The floating LNG regasification facility proposed for Long Island Sound has hit another snag. An article in Sunday's New York Times described the curious permitting snafu that has developed on the way to review by the Federal Energy Regulatory Commission, relating to the project's safety plans. Apparently, the details of the Broadwater project have fallen under a post-9/11 infrastructure security regulation that effectively bars them from public scrutiny. In the absence of specifics, opponents are seizing on the classification of the plans to argue that the project is too risky for the busy waters of Long Island Sound, or its heavily populated shorelines. Welcome to the Twilight Zone.

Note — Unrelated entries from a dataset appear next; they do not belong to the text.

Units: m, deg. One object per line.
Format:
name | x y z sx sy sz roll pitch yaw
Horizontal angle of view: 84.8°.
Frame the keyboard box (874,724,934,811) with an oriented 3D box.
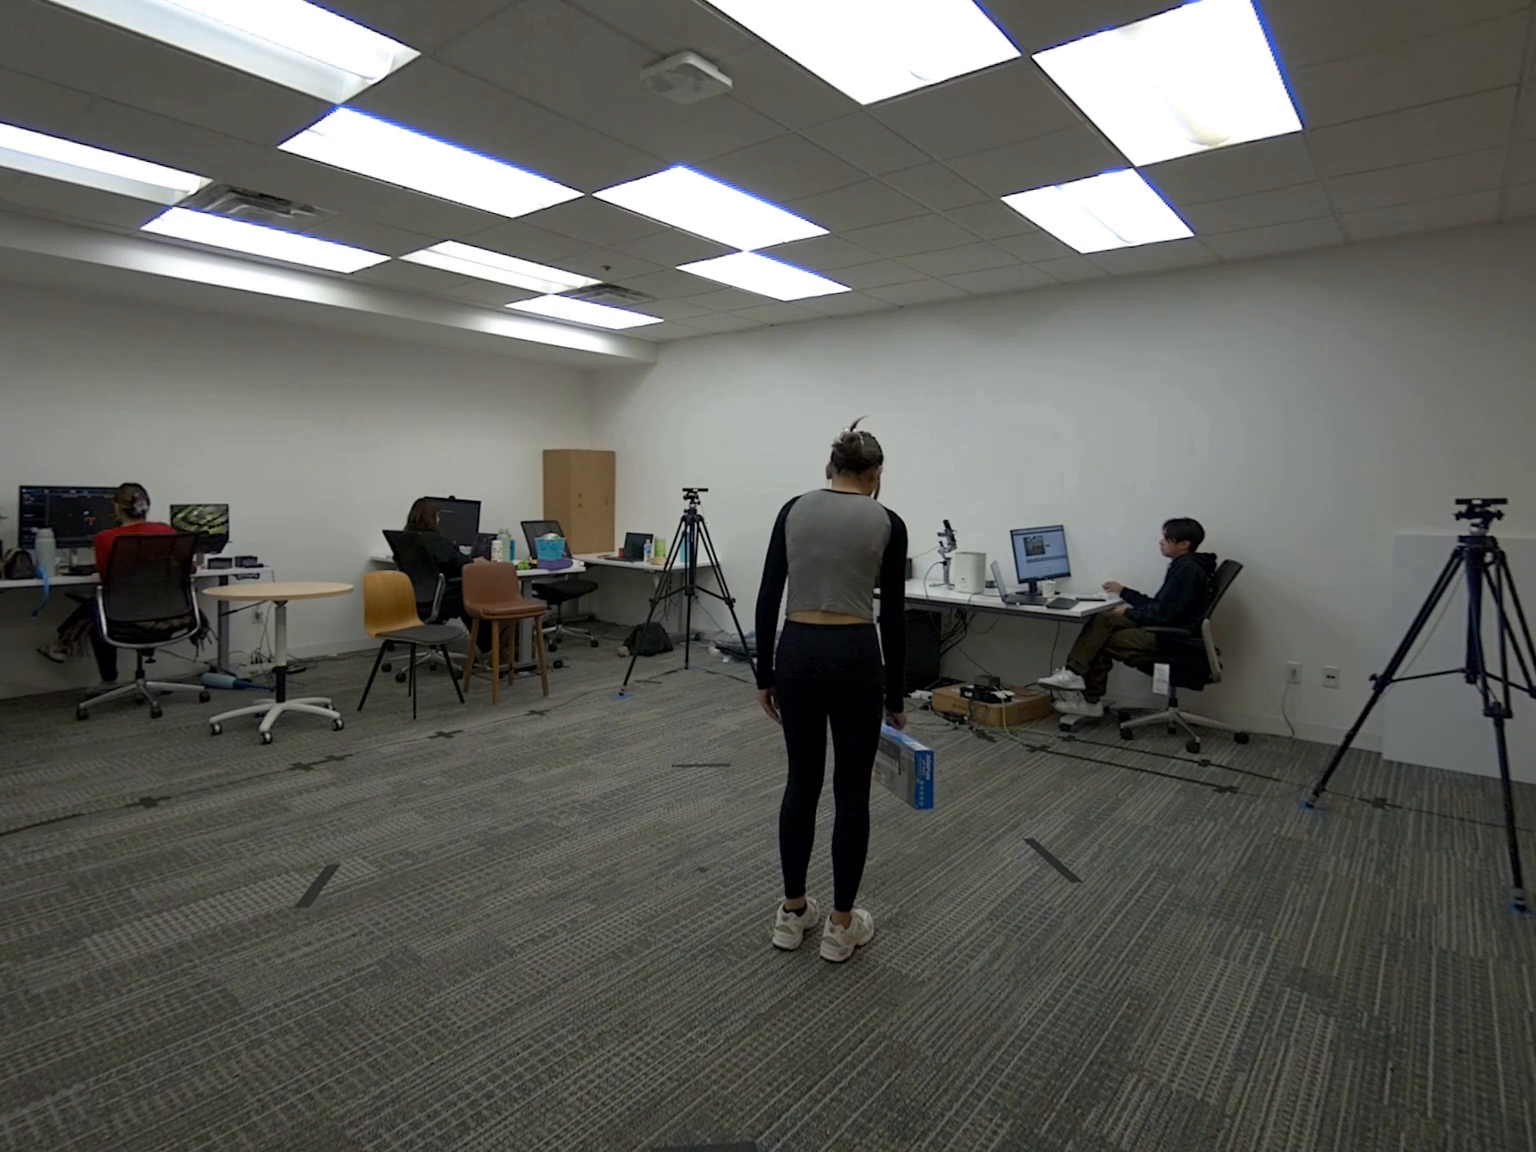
keyboard box | 0.384 0.580 2.681 0.058 0.176 0.444 0 2 -16

Living only a couple of miles from Long Island Sound, I am more than a little interested in how this comes out. My first instinct is that Broadwater would be a tremendous boon for the region, providing direct access to international supplies of clean natural gas at prices much lower than those I see on my monthly gas bill. But, as I said before, the project shouldn't get a free ride on safety or environmental impact, just because it's a good business proposition.
As a resident, I share the frustration of those seeking to understand how Broadwater might affect the area, particularly in a worst-case scenario. Under our system we have come to expect full public scrutiny of such proposals as part of our Constitutional rights, honed by legislation such as the Freedom of Information Act. But we also shouldn't lose sight of the responsibility of the government and of businesses acting under government license to safeguard information, the release of which might be harmful in wartime. The Broadwater project must find a way to navigate the gap between those poles, if it is to go forward.
However, it is a long, unjustified leap from the dilemma described above to the flawed logic that uses the security around the project's plans as de facto evidence that it is inherently unsafe. Connecticut Attorney General Richard Blumenthal was quoted in the Times saying, "It is powerful evidence of the susceptibility to terrorist attack and proves that the public interest is greatly endangered." A filing by Suffolk County, NY went even further, citing FERC's comment that destruction of an LNG terminal by saboteurs would negatively impact public health and safety as proving, "that the Broadwater project can not be found safe or in the public interest." Franz Kafka would recognize a kindred spirit, there.
Every energy facility in the country is vulnerable to terrorism, with serious potential consequences, nor are energy facilities unique in this regard. If that fact were sufficient argument against building more, then we'd better consider a ban on the sales of new gas and electric appliances.
It may just be that wartime prudence prevents our knowing enough about Broadwater's design and safety systems to make us all comfortable. If so, then we must choose between blocking the project--thus obliging us to address the future energy balance of the greater NY region in some other way--or trusting in the judgment of those with the clearance to scrutinize these plans. The latter may seem a quaint notion in 2006, but to me the other choice looks worse. If we fail to find a sensible way through this procedural quandary, our energy future will be jeopardized as much as by any attack Al Qaeda could mount.